Home-stays --Post our tea, we were then handed over to several native people and forest officials, who took us around and showed us the ample options of home-stays available, all through the village. We had done this earlier, at different places, but for them, it was the first time to host guests at their heavenly abode. People who were not known to them, total strangers but whom they wanted to experience their warm hospitality, a cozy stay in their home and serve delicious organic home food, prepared by them, for us, their new guests. My family and 9 members of another family stayed at the house of an educationist, Mr. Aijaz, who lives there with his wife and two children. His house, spotless clean, was adequately equipped and had all the comfort to offer.


Food – As we were a large group of people, all our hearty meals were collectively prepared by the villagers and organized by the J&K Forest Department. All the produce served was organic, locally grown and tended to. We got to savour red rice, with an array of meat/ chicken and vegetable dishes, all cooked perfectly by them, right in front of us.

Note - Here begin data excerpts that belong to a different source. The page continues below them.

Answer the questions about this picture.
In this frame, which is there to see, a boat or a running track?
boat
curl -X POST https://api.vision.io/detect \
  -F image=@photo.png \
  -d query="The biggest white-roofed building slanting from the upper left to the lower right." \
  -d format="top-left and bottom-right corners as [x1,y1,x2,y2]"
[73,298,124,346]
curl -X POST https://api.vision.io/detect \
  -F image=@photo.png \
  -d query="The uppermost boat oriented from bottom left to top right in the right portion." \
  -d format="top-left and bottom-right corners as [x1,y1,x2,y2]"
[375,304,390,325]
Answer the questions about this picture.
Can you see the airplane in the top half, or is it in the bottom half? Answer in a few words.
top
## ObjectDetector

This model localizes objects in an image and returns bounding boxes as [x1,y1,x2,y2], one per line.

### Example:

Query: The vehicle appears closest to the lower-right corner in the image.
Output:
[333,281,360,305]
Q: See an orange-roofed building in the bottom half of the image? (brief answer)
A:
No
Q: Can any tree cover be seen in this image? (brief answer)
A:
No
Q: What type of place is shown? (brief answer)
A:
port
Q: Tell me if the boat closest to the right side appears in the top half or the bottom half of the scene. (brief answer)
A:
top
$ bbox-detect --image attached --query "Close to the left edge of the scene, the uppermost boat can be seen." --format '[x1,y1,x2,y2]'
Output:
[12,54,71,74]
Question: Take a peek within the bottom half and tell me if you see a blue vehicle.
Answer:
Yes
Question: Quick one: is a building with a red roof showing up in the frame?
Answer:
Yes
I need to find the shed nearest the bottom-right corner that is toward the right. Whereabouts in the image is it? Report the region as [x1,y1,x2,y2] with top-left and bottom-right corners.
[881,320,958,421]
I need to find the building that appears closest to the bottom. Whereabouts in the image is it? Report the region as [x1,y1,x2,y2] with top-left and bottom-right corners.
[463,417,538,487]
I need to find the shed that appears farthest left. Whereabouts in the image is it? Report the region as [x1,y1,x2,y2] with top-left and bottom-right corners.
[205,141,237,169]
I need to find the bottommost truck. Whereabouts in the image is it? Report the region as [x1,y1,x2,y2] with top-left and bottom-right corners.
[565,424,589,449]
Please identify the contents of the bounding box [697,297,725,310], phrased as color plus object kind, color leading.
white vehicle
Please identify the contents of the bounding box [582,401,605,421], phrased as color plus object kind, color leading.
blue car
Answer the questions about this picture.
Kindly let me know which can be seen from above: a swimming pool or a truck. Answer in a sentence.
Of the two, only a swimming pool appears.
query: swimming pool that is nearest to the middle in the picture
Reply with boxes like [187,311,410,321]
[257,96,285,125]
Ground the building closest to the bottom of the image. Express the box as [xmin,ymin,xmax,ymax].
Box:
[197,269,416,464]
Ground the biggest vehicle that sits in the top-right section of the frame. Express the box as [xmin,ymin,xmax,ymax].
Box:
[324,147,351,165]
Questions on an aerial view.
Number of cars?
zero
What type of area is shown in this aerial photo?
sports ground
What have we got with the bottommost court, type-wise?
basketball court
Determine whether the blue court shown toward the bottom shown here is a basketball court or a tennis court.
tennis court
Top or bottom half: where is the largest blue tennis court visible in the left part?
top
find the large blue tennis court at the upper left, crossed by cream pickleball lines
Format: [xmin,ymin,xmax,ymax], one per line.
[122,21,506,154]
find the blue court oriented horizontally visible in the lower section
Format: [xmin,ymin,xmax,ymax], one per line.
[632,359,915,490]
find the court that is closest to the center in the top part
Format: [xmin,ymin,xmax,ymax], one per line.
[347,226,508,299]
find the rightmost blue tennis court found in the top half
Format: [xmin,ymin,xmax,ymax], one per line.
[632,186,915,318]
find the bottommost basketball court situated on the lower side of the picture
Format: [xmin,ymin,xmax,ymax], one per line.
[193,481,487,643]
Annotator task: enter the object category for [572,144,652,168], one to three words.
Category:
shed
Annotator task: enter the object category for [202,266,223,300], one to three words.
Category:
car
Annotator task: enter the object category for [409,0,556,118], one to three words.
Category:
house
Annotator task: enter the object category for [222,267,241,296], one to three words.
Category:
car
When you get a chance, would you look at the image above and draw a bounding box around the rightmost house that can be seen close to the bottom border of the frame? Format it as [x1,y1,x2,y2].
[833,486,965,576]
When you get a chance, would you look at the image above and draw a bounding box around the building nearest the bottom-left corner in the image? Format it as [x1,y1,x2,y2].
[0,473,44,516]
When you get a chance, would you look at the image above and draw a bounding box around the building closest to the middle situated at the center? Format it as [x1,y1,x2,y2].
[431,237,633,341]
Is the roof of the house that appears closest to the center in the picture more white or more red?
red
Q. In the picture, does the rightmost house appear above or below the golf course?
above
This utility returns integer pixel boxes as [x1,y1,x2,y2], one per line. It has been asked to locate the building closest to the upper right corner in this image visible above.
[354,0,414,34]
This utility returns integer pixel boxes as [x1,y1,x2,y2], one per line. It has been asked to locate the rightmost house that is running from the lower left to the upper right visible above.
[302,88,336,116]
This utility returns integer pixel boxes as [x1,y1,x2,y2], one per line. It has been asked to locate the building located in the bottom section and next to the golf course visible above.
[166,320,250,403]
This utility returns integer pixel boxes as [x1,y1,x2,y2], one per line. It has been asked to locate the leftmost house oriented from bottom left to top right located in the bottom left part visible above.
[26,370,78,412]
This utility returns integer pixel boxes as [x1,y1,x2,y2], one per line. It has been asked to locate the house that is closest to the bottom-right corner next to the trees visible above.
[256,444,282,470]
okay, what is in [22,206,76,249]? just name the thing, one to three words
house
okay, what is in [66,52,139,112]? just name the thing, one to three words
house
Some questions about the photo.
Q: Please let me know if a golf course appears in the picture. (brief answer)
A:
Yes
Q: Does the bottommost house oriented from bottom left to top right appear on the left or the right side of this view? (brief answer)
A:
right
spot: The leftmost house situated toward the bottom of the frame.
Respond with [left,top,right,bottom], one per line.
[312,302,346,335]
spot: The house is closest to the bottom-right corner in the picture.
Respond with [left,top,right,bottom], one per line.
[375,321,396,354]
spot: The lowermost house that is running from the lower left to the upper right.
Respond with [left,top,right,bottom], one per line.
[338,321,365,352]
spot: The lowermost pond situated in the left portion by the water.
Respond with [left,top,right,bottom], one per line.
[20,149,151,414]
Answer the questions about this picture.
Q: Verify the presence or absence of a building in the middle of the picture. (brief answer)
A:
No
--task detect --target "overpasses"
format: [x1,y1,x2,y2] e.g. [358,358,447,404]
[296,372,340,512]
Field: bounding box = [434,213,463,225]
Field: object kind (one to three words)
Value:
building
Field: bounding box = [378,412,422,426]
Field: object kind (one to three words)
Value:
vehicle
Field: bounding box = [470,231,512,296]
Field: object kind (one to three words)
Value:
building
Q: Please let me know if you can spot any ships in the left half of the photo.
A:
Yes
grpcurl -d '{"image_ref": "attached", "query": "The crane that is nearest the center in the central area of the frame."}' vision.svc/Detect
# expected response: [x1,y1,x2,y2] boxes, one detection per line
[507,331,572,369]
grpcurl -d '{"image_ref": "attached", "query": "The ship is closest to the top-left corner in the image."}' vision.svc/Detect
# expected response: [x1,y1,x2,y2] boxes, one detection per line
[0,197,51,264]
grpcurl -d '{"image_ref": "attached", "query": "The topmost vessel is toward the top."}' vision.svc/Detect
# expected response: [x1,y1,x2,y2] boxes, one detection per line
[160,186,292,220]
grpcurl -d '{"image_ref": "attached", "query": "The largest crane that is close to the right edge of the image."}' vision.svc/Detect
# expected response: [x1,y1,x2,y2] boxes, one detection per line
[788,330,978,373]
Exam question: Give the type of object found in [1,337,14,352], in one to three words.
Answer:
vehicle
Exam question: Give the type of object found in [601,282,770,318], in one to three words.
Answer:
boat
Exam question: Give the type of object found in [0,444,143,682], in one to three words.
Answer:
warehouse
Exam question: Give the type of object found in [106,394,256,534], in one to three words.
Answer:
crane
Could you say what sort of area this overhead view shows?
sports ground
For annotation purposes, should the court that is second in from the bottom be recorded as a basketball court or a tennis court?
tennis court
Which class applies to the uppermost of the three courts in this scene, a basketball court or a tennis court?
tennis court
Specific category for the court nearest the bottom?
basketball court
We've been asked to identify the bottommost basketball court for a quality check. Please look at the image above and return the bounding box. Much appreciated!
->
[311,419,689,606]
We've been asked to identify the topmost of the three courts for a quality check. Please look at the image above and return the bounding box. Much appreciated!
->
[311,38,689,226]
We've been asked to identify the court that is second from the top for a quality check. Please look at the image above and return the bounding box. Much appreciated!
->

The Crossing Bridge – Followed by our night stay at Teetwal, we were due to visit an important site early next morning, The Crossing Bridge. This is no ordinary foot-bridge. Built first in 1938 then destroyed and later built again in 1988, is the one that connects the two respective countries, over Kishanganga River. A painted white plank in the middle signifies the border between the Indian and Pakistani side of it. No civilians are allowed to go atop or visit, unless given permissions by the authorities. We were the lucky ones.


Seemari – The last village on this side of LOC. Further up ahead of Teetwal village, the valley narrowed down around the Kishanganga River basin. On that lies this tiny hamlet named Seemari, with a bordering country literally just a stone’s throw away. Natives here spoke about having relatives living on both sides of the border and how often they manage to exchange greetings on all occasions. Simple people, divided by borders. Sigh!


Bonus Bangus – Day two, all the way back from Sadhna Pass, followed by a feisty luncheon organized by the forest department at Drangyari, we were in for our last treat by the officials. A quick trip to gorgeous Bangus Valley and Meadows, through the newly opened road by the authorities recently. Luckily, we were again the first group of vehicles to have explored Bangus valley, this season.


All in all we had a wholesome expedition with endless stories and memories to live with.